Abstract:
Objectives: With the rapid increase in vehicle ownership and the growing complexity of road environments, traditional traffic management methods face dual challenges of perception accuracy and response efficiency in dense and dynamic highway scenarios. Video surveillance, as a low-cost and real-time sensing approach, has become an essential data source for vehicle information collection. However, existing video-based studies primarily focus on vehicle detection and often fail to achieve accurate perception of multidimensional attributes such as speed, color, traffic flow, and lane position. To address existing limitations, a video data-driven framework is proposed for precise perception of multidimensional vehicle information on highways, aiming to enhance the comprehensiveness and reliability of traffic perception.
Methods: First, a scale-adaptive highway vehicle detection method is introduced. The proposed C3k2_DSConv module enhances the model’s adaptability to vehicles of various scales and morphologies by integrating depthwise separable convolutions and feature reuse strategies. A convolution kernel adjustment mechanism within the Dynamic Head is further designed to improve the model’s detection robustness under diverse viewing angles and occlusion conditions. Second, based on the detected vehicle bounding boxes, multidimensional vehicle attributes are derived through specialized perception algorithms: (1) vehicle speed is estimated using a dual-virtual-line timing model, which computes velocity through frame-based centroid tracking. (2) vehicle color is identified by combining RGB-to-HSV color space transformation with feature enhancement through region-based color histogram mapping. (3) traffic flow is calculated via a virtual line constraint counting method that minimizes duplicate detection. (4) lane position is calibrated using a virtual bounding-box constraint model that aligns vehicle trajectories with detected lane boundaries. To validate the proposed framework, a new highway vehicle dataset is constructed from real-world monitoring footage, incorporating variations in vehicle types, illumination, and scale to ensure robustness and generalization.
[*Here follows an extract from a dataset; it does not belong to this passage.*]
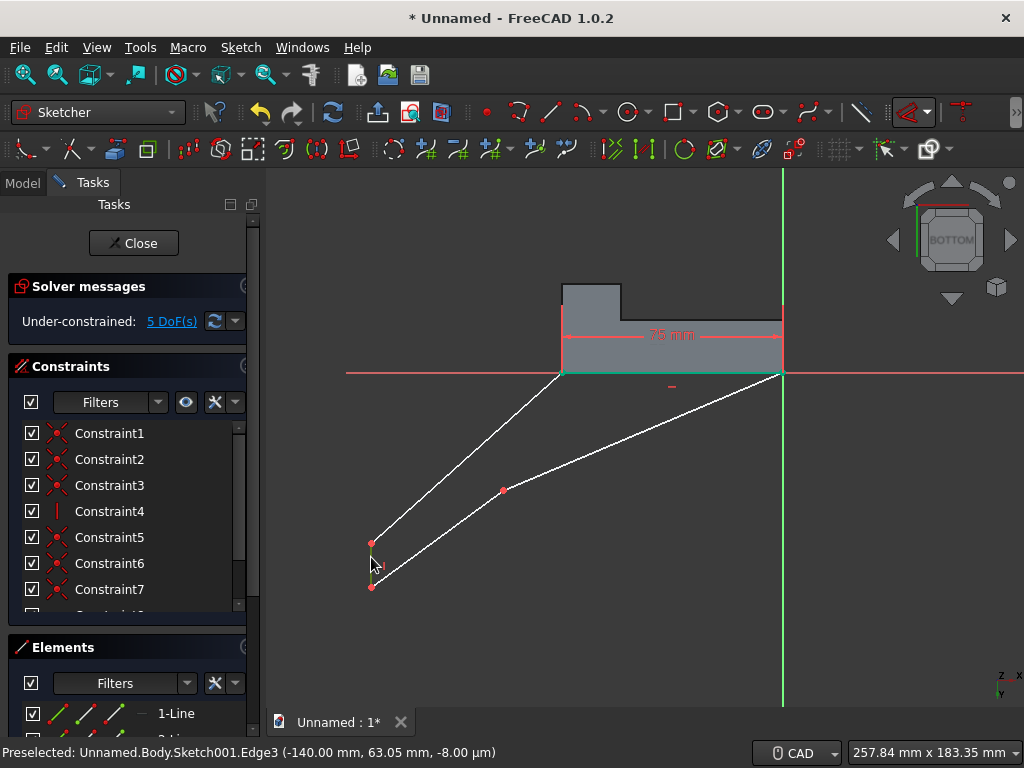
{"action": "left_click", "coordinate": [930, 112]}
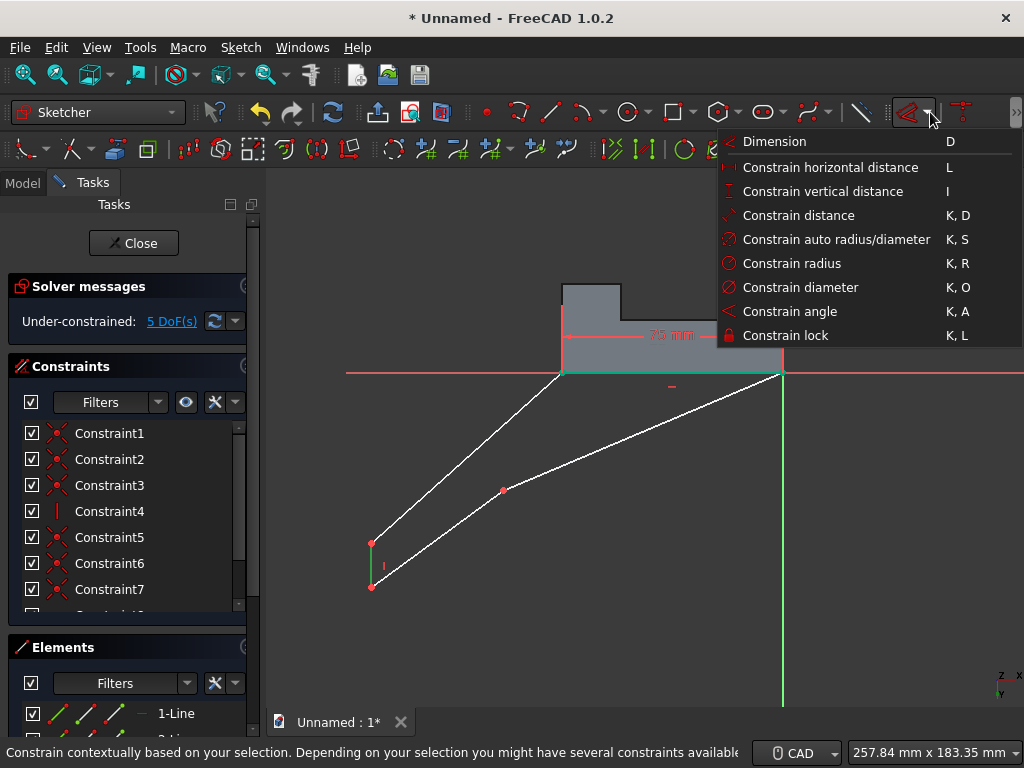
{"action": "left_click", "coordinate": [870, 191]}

Results: Comprehensive experiments were conducted using state-of-the-art detectors including YOLOv5~YOLOv13, RT-DETR, SSD, Faster R-CNN, and RetinaNet for performance comparison. The proposed method achieved superior results, with precision (P), recall (R), and mAP@0.5 of 0.903, 0.899, and 0.954, respectively, outperforming all baseline models. Furthermore, multidimensional perception experiments showed that the mean Average Precision (mAP@0.5) for vehicle detection reached 95.4%, traffic flow accuracy was 99%, lane calibration accuracy reached 92%, vehicle color recognition accuracy was 81%, and the average absolute error for vehicle speed detection was 9.36%. These quantitative results confirm the effectiveness and robustness of the proposed framework in complex highway environments.
Conclusions: The framework demonstrates that video-based methods can achieve high-precision perception of multiple vehicle attributes when enhanced with adaptive feature extraction and multidimensional information modeling. It enables comprehensive perception of speed, color, traffic flow, and lane position, thereby providing a reliable basis for intelligent highway management, traffic law enforcement, and accident early warning systems.